> [WORK INSTRUCTION] Every line of the records below that holds the word "face" should be copied out.

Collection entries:
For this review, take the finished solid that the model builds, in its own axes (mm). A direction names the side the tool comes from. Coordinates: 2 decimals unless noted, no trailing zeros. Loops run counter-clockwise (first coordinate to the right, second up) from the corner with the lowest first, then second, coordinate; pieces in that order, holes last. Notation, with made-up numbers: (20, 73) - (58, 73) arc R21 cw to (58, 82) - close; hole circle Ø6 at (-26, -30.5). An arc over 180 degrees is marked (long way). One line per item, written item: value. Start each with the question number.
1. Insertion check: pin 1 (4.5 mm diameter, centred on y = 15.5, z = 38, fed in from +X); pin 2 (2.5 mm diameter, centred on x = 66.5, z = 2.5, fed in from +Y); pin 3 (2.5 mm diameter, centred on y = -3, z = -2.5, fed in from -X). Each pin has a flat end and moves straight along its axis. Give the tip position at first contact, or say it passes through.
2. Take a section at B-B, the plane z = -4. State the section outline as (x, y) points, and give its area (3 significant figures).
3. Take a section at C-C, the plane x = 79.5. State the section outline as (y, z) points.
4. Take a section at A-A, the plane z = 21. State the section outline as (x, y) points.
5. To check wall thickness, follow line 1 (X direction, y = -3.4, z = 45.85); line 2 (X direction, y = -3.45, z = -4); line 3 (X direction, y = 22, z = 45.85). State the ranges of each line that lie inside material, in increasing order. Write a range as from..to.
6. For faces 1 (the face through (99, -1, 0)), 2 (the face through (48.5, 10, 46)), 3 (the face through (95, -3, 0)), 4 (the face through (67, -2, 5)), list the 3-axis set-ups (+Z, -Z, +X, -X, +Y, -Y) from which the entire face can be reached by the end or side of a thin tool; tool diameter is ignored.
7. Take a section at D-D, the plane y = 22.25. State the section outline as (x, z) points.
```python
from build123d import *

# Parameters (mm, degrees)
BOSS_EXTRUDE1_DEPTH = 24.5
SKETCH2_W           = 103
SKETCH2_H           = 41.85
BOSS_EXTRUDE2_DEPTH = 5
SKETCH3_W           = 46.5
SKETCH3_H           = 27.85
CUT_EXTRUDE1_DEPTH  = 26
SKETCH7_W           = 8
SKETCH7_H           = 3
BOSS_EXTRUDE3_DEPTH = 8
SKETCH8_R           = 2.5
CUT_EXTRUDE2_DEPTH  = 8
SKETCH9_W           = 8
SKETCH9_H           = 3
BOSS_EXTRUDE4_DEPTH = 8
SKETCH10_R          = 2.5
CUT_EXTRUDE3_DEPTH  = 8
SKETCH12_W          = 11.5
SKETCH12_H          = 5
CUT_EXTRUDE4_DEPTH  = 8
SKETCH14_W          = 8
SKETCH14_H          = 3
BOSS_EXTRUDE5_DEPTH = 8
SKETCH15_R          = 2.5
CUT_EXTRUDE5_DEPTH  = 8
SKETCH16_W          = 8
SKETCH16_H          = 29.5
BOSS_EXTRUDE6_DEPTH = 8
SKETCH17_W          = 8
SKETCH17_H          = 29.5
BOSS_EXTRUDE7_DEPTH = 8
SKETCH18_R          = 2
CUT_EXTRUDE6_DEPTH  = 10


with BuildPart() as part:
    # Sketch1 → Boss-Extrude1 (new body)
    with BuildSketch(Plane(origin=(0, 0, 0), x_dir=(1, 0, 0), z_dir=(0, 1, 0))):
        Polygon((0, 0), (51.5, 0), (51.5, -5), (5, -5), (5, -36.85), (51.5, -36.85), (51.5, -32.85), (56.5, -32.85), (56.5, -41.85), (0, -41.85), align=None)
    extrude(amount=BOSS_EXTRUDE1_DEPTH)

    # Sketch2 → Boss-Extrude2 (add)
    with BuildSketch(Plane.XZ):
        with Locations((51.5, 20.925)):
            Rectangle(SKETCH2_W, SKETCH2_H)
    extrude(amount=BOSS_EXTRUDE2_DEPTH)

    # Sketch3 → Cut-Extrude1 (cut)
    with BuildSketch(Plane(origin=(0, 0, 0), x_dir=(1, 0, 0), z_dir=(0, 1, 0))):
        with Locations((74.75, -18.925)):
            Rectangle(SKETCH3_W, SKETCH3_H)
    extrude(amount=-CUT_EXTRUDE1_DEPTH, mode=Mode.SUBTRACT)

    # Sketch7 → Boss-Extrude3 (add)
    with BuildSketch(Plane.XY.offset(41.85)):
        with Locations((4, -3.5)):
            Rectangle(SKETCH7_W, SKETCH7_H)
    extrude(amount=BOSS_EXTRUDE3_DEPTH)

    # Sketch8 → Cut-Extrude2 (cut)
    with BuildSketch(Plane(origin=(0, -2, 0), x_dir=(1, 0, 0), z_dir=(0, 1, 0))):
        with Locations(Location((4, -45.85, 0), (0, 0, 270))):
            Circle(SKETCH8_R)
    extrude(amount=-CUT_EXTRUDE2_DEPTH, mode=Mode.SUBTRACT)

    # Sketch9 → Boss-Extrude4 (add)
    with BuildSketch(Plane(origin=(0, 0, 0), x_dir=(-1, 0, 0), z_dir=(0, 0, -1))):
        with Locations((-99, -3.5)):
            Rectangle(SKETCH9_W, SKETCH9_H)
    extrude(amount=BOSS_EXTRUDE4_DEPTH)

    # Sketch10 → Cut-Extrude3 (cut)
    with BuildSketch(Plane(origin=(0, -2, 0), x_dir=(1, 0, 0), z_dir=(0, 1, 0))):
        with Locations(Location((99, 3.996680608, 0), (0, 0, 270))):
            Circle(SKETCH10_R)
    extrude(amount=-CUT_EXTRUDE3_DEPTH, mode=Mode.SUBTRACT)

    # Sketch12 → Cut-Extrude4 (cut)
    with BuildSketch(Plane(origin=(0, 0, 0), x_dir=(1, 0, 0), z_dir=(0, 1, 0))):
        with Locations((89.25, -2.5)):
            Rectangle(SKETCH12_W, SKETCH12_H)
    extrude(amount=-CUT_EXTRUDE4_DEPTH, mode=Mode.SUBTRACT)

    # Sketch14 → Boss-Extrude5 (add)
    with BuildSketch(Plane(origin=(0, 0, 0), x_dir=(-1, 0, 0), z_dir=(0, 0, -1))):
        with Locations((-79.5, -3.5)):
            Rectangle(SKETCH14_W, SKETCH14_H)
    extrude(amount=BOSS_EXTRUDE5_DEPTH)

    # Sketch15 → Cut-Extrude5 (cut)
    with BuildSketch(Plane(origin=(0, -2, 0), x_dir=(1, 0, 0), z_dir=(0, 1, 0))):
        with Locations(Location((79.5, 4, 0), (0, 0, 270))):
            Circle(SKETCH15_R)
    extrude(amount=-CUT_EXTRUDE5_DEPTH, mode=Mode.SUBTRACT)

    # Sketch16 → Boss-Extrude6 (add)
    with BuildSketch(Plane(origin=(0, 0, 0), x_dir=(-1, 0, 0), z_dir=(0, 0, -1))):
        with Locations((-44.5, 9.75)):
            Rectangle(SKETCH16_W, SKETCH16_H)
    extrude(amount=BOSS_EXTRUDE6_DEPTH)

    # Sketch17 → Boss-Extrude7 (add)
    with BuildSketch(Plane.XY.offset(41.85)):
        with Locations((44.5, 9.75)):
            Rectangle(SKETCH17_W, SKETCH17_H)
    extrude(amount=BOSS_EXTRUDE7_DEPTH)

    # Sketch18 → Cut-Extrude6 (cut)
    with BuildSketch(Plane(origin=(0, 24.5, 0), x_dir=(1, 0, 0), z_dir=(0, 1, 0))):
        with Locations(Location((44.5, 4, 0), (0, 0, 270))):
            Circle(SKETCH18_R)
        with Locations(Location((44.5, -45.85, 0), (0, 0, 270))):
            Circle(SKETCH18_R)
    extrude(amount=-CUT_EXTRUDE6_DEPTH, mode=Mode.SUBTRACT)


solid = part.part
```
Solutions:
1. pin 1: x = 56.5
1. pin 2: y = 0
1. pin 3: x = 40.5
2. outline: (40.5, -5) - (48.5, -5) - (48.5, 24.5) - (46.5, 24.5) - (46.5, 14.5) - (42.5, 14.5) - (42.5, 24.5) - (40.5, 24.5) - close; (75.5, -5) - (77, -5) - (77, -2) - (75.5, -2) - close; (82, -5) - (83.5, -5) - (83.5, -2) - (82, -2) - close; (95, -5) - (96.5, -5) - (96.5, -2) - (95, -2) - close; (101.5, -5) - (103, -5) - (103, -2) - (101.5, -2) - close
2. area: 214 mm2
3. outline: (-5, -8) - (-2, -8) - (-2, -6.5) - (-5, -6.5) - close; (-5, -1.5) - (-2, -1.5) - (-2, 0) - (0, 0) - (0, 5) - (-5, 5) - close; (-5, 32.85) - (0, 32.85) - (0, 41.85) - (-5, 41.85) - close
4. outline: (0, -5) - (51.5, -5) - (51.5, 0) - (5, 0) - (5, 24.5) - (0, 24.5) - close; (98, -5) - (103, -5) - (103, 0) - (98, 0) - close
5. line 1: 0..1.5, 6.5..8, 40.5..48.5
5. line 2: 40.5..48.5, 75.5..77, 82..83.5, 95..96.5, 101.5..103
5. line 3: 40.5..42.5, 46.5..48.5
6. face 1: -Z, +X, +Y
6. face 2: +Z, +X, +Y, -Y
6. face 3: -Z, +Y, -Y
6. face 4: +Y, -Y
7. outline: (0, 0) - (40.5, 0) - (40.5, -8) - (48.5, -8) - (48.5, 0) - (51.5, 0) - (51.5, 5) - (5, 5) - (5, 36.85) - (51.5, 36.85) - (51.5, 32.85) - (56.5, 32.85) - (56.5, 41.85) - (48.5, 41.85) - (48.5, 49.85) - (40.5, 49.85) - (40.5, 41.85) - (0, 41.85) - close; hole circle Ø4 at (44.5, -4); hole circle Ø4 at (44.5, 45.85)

> [RESPONSE TO THE TASK]
6. For faces 1 (the face through (99, -1, 0)), 2 (the face through (48.5, 10, 46)), 3 (the face through (95, -3, 0)), 4 (the face through (67, -2, 5)), list the 3-axis set-ups (+Z, -Z, +X, -X, +Y, -Y) from which the entire face can be reached by the end or side of a thin tool; tool diameter is ignored.
6. face 1: -Z, +X, +Y
6. face 2: +Z, +X, +Y, -Y
6. face 3: -Z, +Y, -Y
6. face 4: +Y, -Y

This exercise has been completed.